A mesure que l’inquiétude monte, dans un camp et dans l’autre, les déclarations et réponses aux déclarations se poursuivent, allant crescendo dans l’agressivité.

D. Trump enchaîne les piques, parlant de «l’apparition de bulletins surprise». Déclaration que J. Biden qualifie de «scandaleuse, sans précédent et fausse»…

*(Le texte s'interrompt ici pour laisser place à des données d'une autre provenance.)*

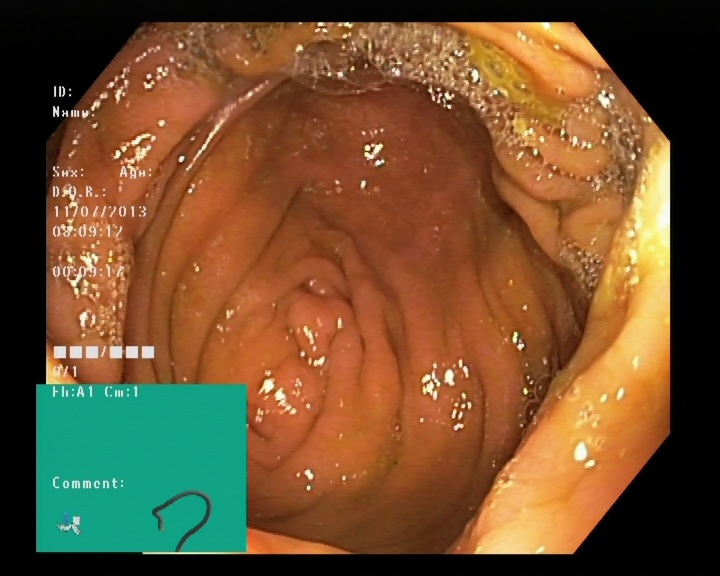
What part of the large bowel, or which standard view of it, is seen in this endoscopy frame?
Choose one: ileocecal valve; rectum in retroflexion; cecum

cecum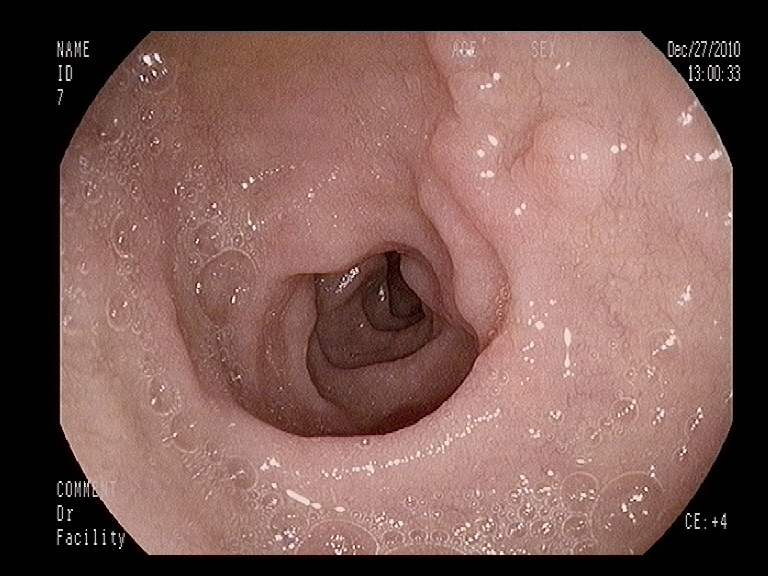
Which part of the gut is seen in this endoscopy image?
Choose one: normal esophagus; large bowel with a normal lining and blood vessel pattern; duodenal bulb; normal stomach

Au fil des heures, les compteurs enregistrent… Un Etat pour Joe Biden, un autre pour Donald Trump… Parmi les Etats les plus importants, certains tombent dans l’escarcelle du candidat démocrate (Californie, Illinois, Washington, New York, Arizona…). D’autres dans celle du candidat républicain (La Floride, fief de l’électorat latino, le Texas, Ohio…).

Mais au petit matin, pas de gagnant proclamé officiellement.

Un Etat a carrément arrêté le décompte, pour ne le reprendre que le lendemain.

Election présidentielle des Etats Unis vote

Les Démocrates sont rentrés chez eux, déçus de n’avoir pas pu conquérir l’électorat pro-républicain dans certains Etats-clés, comme le Texas ou la Floride.

Les Républicains, eux, buvant les paroles de victoire, d’accusations de fraude et de guerres judiciaires de leur chef, s’en sont allés chez eux, persuadés qu’ils avaient déjà gagné… «Nous avons une si bonne nuit!», leur a lancé leur chef. 

La journée suivante, reprise des déclarations tonitruantes du Président Trump qui déclare vouloir saisir la Cour Suprême… Mais son concurrent approche de la victoire plus vite que lui. L’État-clé de Pennsylvanie tombe, avec ses 20 grands électeurs, chez Joe Biden.

Il a 264 grands électeurs. Donald Trump n’en a que 214.

Amérique fracturée, Présidence difficile

Les commentateurs, sur place et ailleurs dans le monde, se posent déjà la question: «Fin de l’ère Trump ?».

Quoiqu’il en soit, il y a unanimité sur un fait: Aujourd’hui, le constat est celui d’une Amérique fracturée, qui connaît plus d’une division. D’abord, les deux Amériques. Celle du camp Trump et celle des anti-Trump, qui n’est pas toujours pro-Biden, mais qui a voté pour le Démocrate, juste pour en finir avec la présidence de Donald Trump. Un humoriste américain a illustré cela avec cette question posée par un des personnages de sa caricature à l’autre: «tu votes pour Biden ou contre Trump ?». Mais il y a aussi l’Amérique des «Black Lives Matter» («Les vies noires comptent»), que défendent ceux qui luttent contre le racisme anti Afro-Américains : et l’Amérique du «Law and Order» («La loi et l’ordre») que leur opposent Trump et ses partisans.

Il y a aussi l’Amérique des villes resplendissantes et l’Amérique des campagnes et des petits ouvriers qui se sent délaissée. Au moment de voter, en Pennsylvanie, la question a été soulevée…

Durant ses 4 années de présidence, Donald Trump a été accusé d’exacerber les divisions, de mener une politique volontairement clivante.

Tous ceux qui ont voté contre lui attendent de son successeur –si successeur il y a- qu’il recolle les morceaux de cette Amérique fracturée.

Mais, si le Président Trump ne rempile pas, Joe Biden aura fort à faire pour accomplir cette mission, qui sera encore plus difficile avec un Sénat et une Cour Suprême à majorité républicaine.

Pour savoir ce qu’il en sera du 46ème Président des Etats Unis, il faut encore attendre que ce long suspense qu’impose le système électoral américain prenne fin.

Cela peut prendre plusieurs jours, voire plusieurs semaines…

En attendant le Président Trump reste Président jusqu’au 20 janvier 2021, selon la loi américaine.